• To do:
Only the text of the entries below should be returned, exactly as given, without pictures.

□ □ □ □ □

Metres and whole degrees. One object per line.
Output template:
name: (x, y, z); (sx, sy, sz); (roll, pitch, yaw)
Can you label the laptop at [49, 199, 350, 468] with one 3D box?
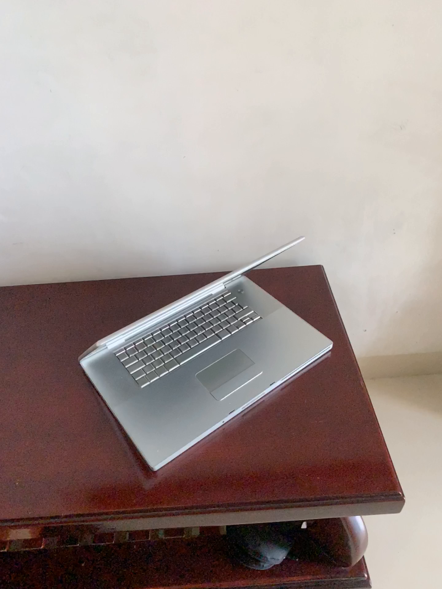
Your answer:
laptop: (-0.026, 0.036, 0.787); (0.400, 0.193, 0.266); (-28, 48, -27)

□ □ □ □ □

• Exercise solution:
Metres and whole degrees. One object per line.
Output template:
name: (x, y, z); (sx, sy, sz); (roll, pitch, yaw)
Can you label the laptop at [49, 199, 350, 468] with one 3D box?
Your answer:
laptop: (-0.026, 0.036, 0.787); (0.400, 0.193, 0.266); (-28, 48, -27)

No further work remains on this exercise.